[[ THE DATA open ]]
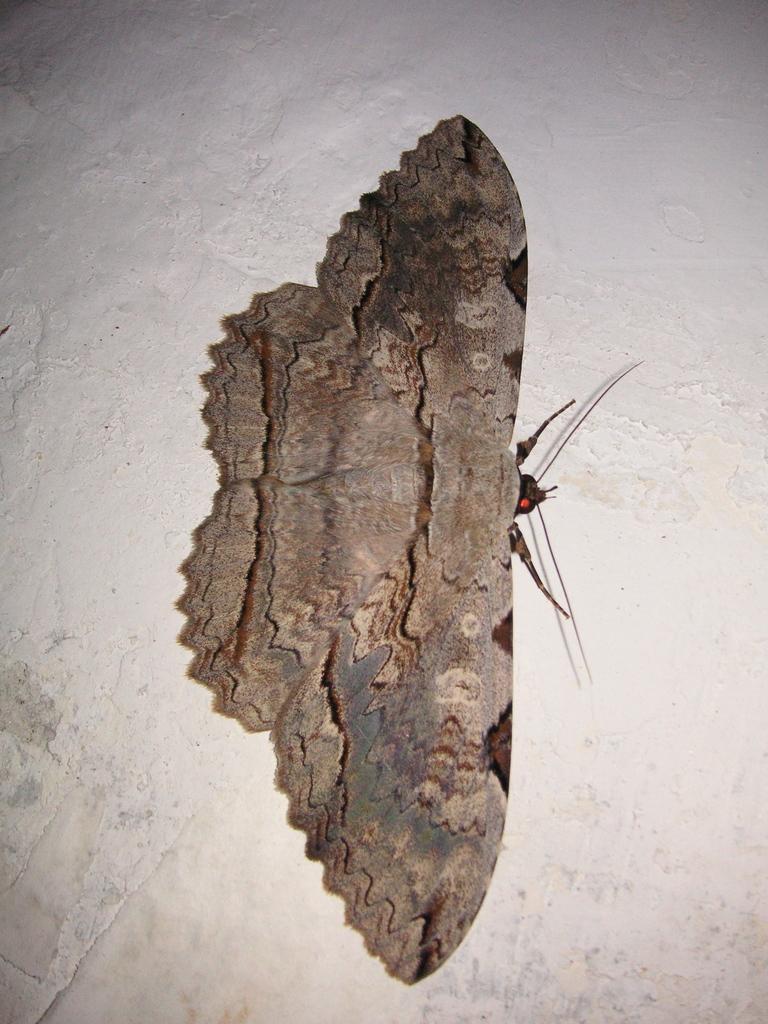Describe this image in one or two sentences. In this picture I can see there is an insect and it has wings, legs, head and body. In the backdrop there is a wall. 
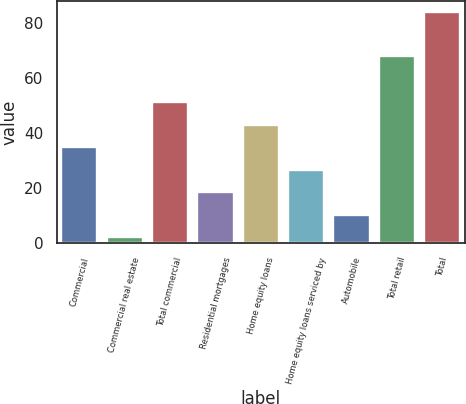Convert chart. <chart><loc_0><loc_0><loc_500><loc_500><bar_chart><fcel>Commercial<fcel>Commercial real estate<fcel>Total commercial<fcel>Residential mortgages<fcel>Home equity loans<fcel>Home equity loans serviced by<fcel>Automobile<fcel>Total retail<fcel>Total<nl><fcel>34.8<fcel>2<fcel>51.2<fcel>18.4<fcel>43<fcel>26.6<fcel>10.2<fcel>68<fcel>84<nl></chart> 
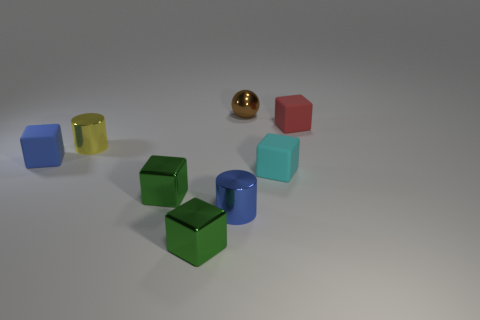What number of shiny things are both in front of the small red matte object and behind the cyan cube?
Keep it short and to the point. 1. What is the material of the small brown sphere that is behind the small cyan matte block?
Give a very brief answer. Metal. What size is the yellow thing that is made of the same material as the blue cylinder?
Your response must be concise. Small. There is a cube left of the small yellow metallic cylinder; does it have the same size as the red block to the right of the small yellow shiny cylinder?
Make the answer very short. Yes. What is the material of the yellow cylinder that is the same size as the brown object?
Offer a very short reply. Metal. There is a object that is both right of the small metallic sphere and in front of the tiny red thing; what is its material?
Offer a terse response. Rubber. Are there any tiny gray metallic balls?
Your answer should be very brief. No. There is a small shiny sphere; is it the same color as the small matte block that is behind the small blue block?
Ensure brevity in your answer.  No. Are there any other things that are the same shape as the small blue matte thing?
Make the answer very short. Yes. There is a small rubber thing that is on the left side of the metal thing behind the matte cube to the right of the cyan matte cube; what shape is it?
Ensure brevity in your answer.  Cube. 
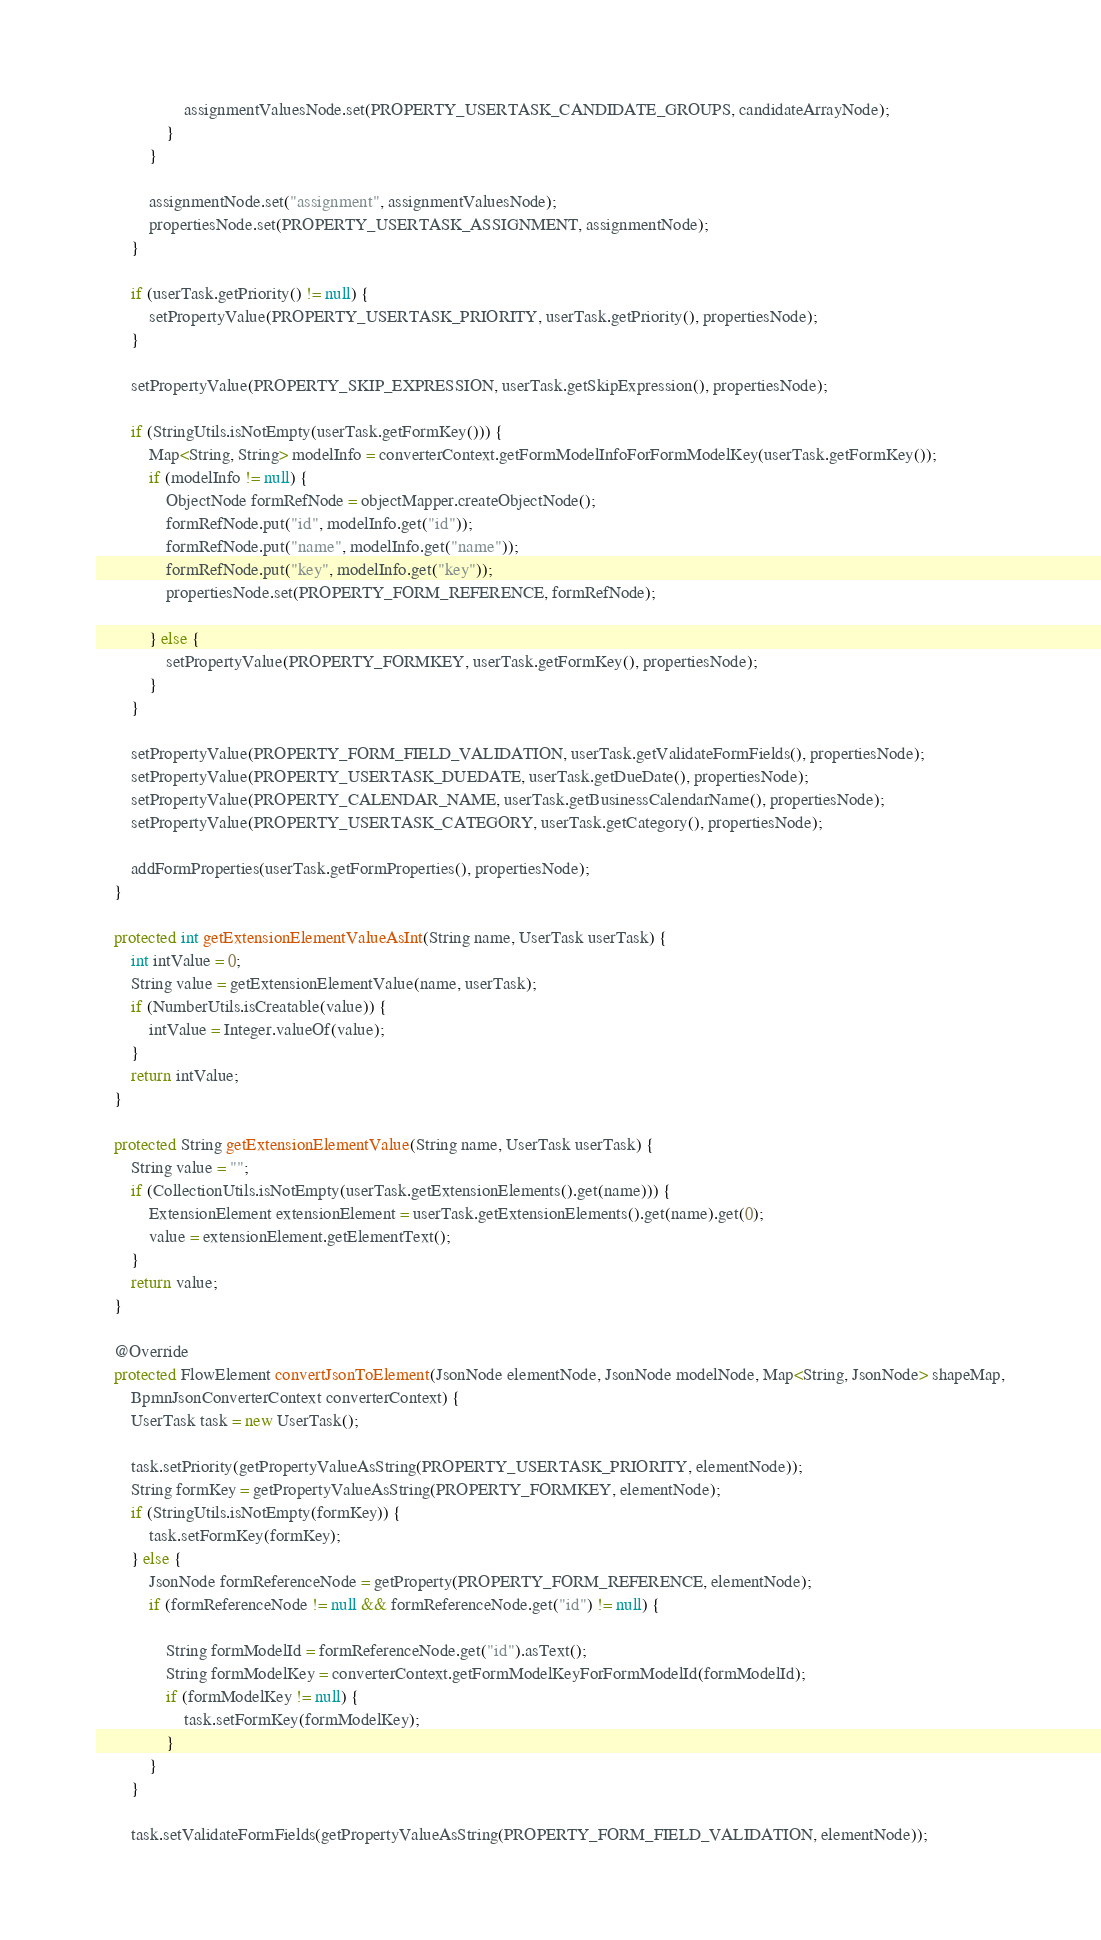<code> <loc_0><loc_0><loc_500><loc_500><_Java_>                    assignmentValuesNode.set(PROPERTY_USERTASK_CANDIDATE_GROUPS, candidateArrayNode);
                }
            }

            assignmentNode.set("assignment", assignmentValuesNode);
            propertiesNode.set(PROPERTY_USERTASK_ASSIGNMENT, assignmentNode);
        }

        if (userTask.getPriority() != null) {
            setPropertyValue(PROPERTY_USERTASK_PRIORITY, userTask.getPriority(), propertiesNode);
        }

        setPropertyValue(PROPERTY_SKIP_EXPRESSION, userTask.getSkipExpression(), propertiesNode);

        if (StringUtils.isNotEmpty(userTask.getFormKey())) {
            Map<String, String> modelInfo = converterContext.getFormModelInfoForFormModelKey(userTask.getFormKey());
            if (modelInfo != null) {
                ObjectNode formRefNode = objectMapper.createObjectNode();
                formRefNode.put("id", modelInfo.get("id"));
                formRefNode.put("name", modelInfo.get("name"));
                formRefNode.put("key", modelInfo.get("key"));
                propertiesNode.set(PROPERTY_FORM_REFERENCE, formRefNode);

            } else {
                setPropertyValue(PROPERTY_FORMKEY, userTask.getFormKey(), propertiesNode);
            }
        }

        setPropertyValue(PROPERTY_FORM_FIELD_VALIDATION, userTask.getValidateFormFields(), propertiesNode);
        setPropertyValue(PROPERTY_USERTASK_DUEDATE, userTask.getDueDate(), propertiesNode);
        setPropertyValue(PROPERTY_CALENDAR_NAME, userTask.getBusinessCalendarName(), propertiesNode);
        setPropertyValue(PROPERTY_USERTASK_CATEGORY, userTask.getCategory(), propertiesNode);

        addFormProperties(userTask.getFormProperties(), propertiesNode);
    }

    protected int getExtensionElementValueAsInt(String name, UserTask userTask) {
        int intValue = 0;
        String value = getExtensionElementValue(name, userTask);
        if (NumberUtils.isCreatable(value)) {
            intValue = Integer.valueOf(value);
        }
        return intValue;
    }

    protected String getExtensionElementValue(String name, UserTask userTask) {
        String value = "";
        if (CollectionUtils.isNotEmpty(userTask.getExtensionElements().get(name))) {
            ExtensionElement extensionElement = userTask.getExtensionElements().get(name).get(0);
            value = extensionElement.getElementText();
        }
        return value;
    }

    @Override
    protected FlowElement convertJsonToElement(JsonNode elementNode, JsonNode modelNode, Map<String, JsonNode> shapeMap,
        BpmnJsonConverterContext converterContext) {
        UserTask task = new UserTask();

        task.setPriority(getPropertyValueAsString(PROPERTY_USERTASK_PRIORITY, elementNode));
        String formKey = getPropertyValueAsString(PROPERTY_FORMKEY, elementNode);
        if (StringUtils.isNotEmpty(formKey)) {
            task.setFormKey(formKey);
        } else {
            JsonNode formReferenceNode = getProperty(PROPERTY_FORM_REFERENCE, elementNode);
            if (formReferenceNode != null && formReferenceNode.get("id") != null) {

                String formModelId = formReferenceNode.get("id").asText();
                String formModelKey = converterContext.getFormModelKeyForFormModelId(formModelId);
                if (formModelKey != null) {
                    task.setFormKey(formModelKey);
                }
            }
        }

        task.setValidateFormFields(getPropertyValueAsString(PROPERTY_FORM_FIELD_VALIDATION, elementNode));</code> 
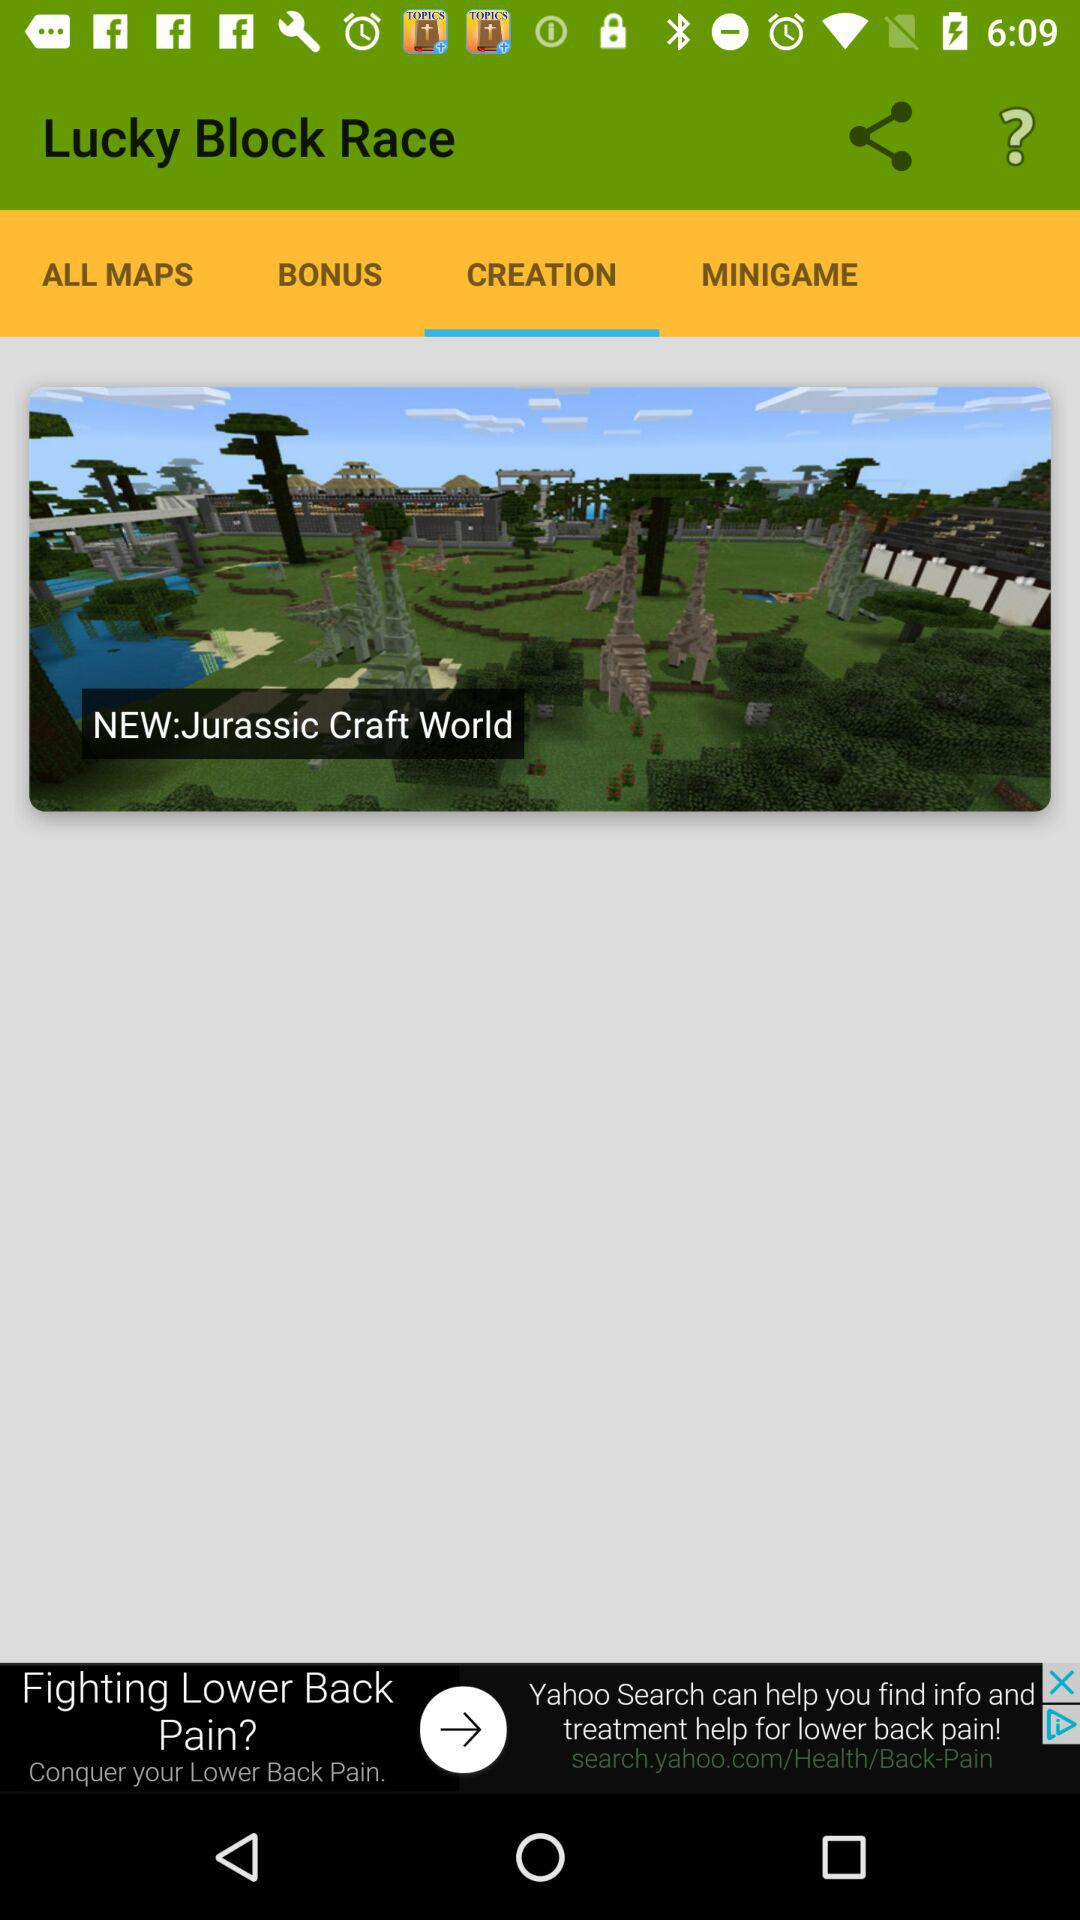What is the name of the application? The name of the application is "Lucky Block Race". 
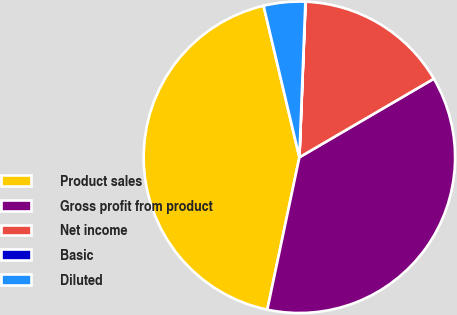<chart> <loc_0><loc_0><loc_500><loc_500><pie_chart><fcel>Product sales<fcel>Gross profit from product<fcel>Net income<fcel>Basic<fcel>Diluted<nl><fcel>43.0%<fcel>36.72%<fcel>15.95%<fcel>0.02%<fcel>4.31%<nl></chart>
[[ THE DATA closed ]]
- **GOAL OF THE EXERCISE**
Return all records exactly; no pictures.

- **EXPECTED ANSWER**
Describe this image in one or two sentences. In this picture I can see there is an insect and it has wings, legs, head and body. In the backdrop there is a wall. 
Convert chart. <chart><loc_0><loc_0><loc_500><loc_500><bar_chart><fcel>Commercial<fcel>Commercial real estate<fcel>Total commercial<fcel>Residential mortgages<fcel>Home equity loans<fcel>Home equity loans serviced by<fcel>Automobile<fcel>Total retail<fcel>Total<nl><fcel>34.8<fcel>2<fcel>51.2<fcel>18.4<fcel>43<fcel>26.6<fcel>10.2<fcel>68<fcel>84<nl></chart> 
What number of shiny things are both in front of the small red matte object and behind the cyan cube?
Keep it short and to the point. 1. What is the material of the small brown sphere that is behind the small cyan matte block?
Give a very brief answer. Metal. What size is the yellow thing that is made of the same material as the blue cylinder?
Your response must be concise. Small. There is a cube left of the small yellow metallic cylinder; does it have the same size as the red block to the right of the small yellow shiny cylinder?
Make the answer very short. Yes. What is the material of the yellow cylinder that is the same size as the brown object?
Offer a very short reply. Metal. There is a object that is both right of the small metallic sphere and in front of the tiny red thing; what is its material?
Offer a terse response. Rubber. Are there any tiny gray metallic balls?
Your answer should be very brief. No. There is a small shiny sphere; is it the same color as the small matte block that is behind the small blue block?
Ensure brevity in your answer.  No. Are there any other things that are the same shape as the small blue matte thing?
Make the answer very short. Yes. There is a small rubber thing that is on the left side of the metal thing behind the matte cube to the right of the cyan matte cube; what shape is it?
Ensure brevity in your answer.  Cube. 
<code> <loc_0><loc_0><loc_500><loc_500><_Java_>                    assignmentValuesNode.set(PROPERTY_USERTASK_CANDIDATE_GROUPS, candidateArrayNode);
                }
            }

            assignmentNode.set("assignment", assignmentValuesNode);
            propertiesNode.set(PROPERTY_USERTASK_ASSIGNMENT, assignmentNode);
        }

        if (userTask.getPriority() != null) {
            setPropertyValue(PROPERTY_USERTASK_PRIORITY, userTask.getPriority(), propertiesNode);
        }

        setPropertyValue(PROPERTY_SKIP_EXPRESSION, userTask.getSkipExpression(), propertiesNode);

        if (StringUtils.isNotEmpty(userTask.getFormKey())) {
            Map<String, String> modelInfo = converterContext.getFormModelInfoForFormModelKey(userTask.getFormKey());
            if (modelInfo != null) {
                ObjectNode formRefNode = objectMapper.createObjectNode();
                formRefNode.put("id", modelInfo.get("id"));
                formRefNode.put("name", modelInfo.get("name"));
                formRefNode.put("key", modelInfo.get("key"));
                propertiesNode.set(PROPERTY_FORM_REFERENCE, formRefNode);

            } else {
                setPropertyValue(PROPERTY_FORMKEY, userTask.getFormKey(), propertiesNode);
            }
        }

        setPropertyValue(PROPERTY_FORM_FIELD_VALIDATION, userTask.getValidateFormFields(), propertiesNode);
        setPropertyValue(PROPERTY_USERTASK_DUEDATE, userTask.getDueDate(), propertiesNode);
        setPropertyValue(PROPERTY_CALENDAR_NAME, userTask.getBusinessCalendarName(), propertiesNode);
        setPropertyValue(PROPERTY_USERTASK_CATEGORY, userTask.getCategory(), propertiesNode);

        addFormProperties(userTask.getFormProperties(), propertiesNode);
    }

    protected int getExtensionElementValueAsInt(String name, UserTask userTask) {
        int intValue = 0;
        String value = getExtensionElementValue(name, userTask);
        if (NumberUtils.isCreatable(value)) {
            intValue = Integer.valueOf(value);
        }
        return intValue;
    }

    protected String getExtensionElementValue(String name, UserTask userTask) {
        String value = "";
        if (CollectionUtils.isNotEmpty(userTask.getExtensionElements().get(name))) {
            ExtensionElement extensionElement = userTask.getExtensionElements().get(name).get(0);
            value = extensionElement.getElementText();
        }
        return value;
    }

    @Override
    protected FlowElement convertJsonToElement(JsonNode elementNode, JsonNode modelNode, Map<String, JsonNode> shapeMap,
        BpmnJsonConverterContext converterContext) {
        UserTask task = new UserTask();

        task.setPriority(getPropertyValueAsString(PROPERTY_USERTASK_PRIORITY, elementNode));
        String formKey = getPropertyValueAsString(PROPERTY_FORMKEY, elementNode);
        if (StringUtils.isNotEmpty(formKey)) {
            task.setFormKey(formKey);
        } else {
            JsonNode formReferenceNode = getProperty(PROPERTY_FORM_REFERENCE, elementNode);
            if (formReferenceNode != null && formReferenceNode.get("id") != null) {

                String formModelId = formReferenceNode.get("id").asText();
                String formModelKey = converterContext.getFormModelKeyForFormModelId(formModelId);
                if (formModelKey != null) {
                    task.setFormKey(formModelKey);
                }
            }
        }

        task.setValidateFormFields(getPropertyValueAsString(PROPERTY_FORM_FIELD_VALIDATION, elementNode));</code> 
What is the name of the application? The name of the application is "Lucky Block Race". 
<chart> <loc_0><loc_0><loc_500><loc_500><pie_chart><fcel>Product sales<fcel>Gross profit from product<fcel>Net income<fcel>Basic<fcel>Diluted<nl><fcel>43.0%<fcel>36.72%<fcel>15.95%<fcel>0.02%<fcel>4.31%<nl></chart>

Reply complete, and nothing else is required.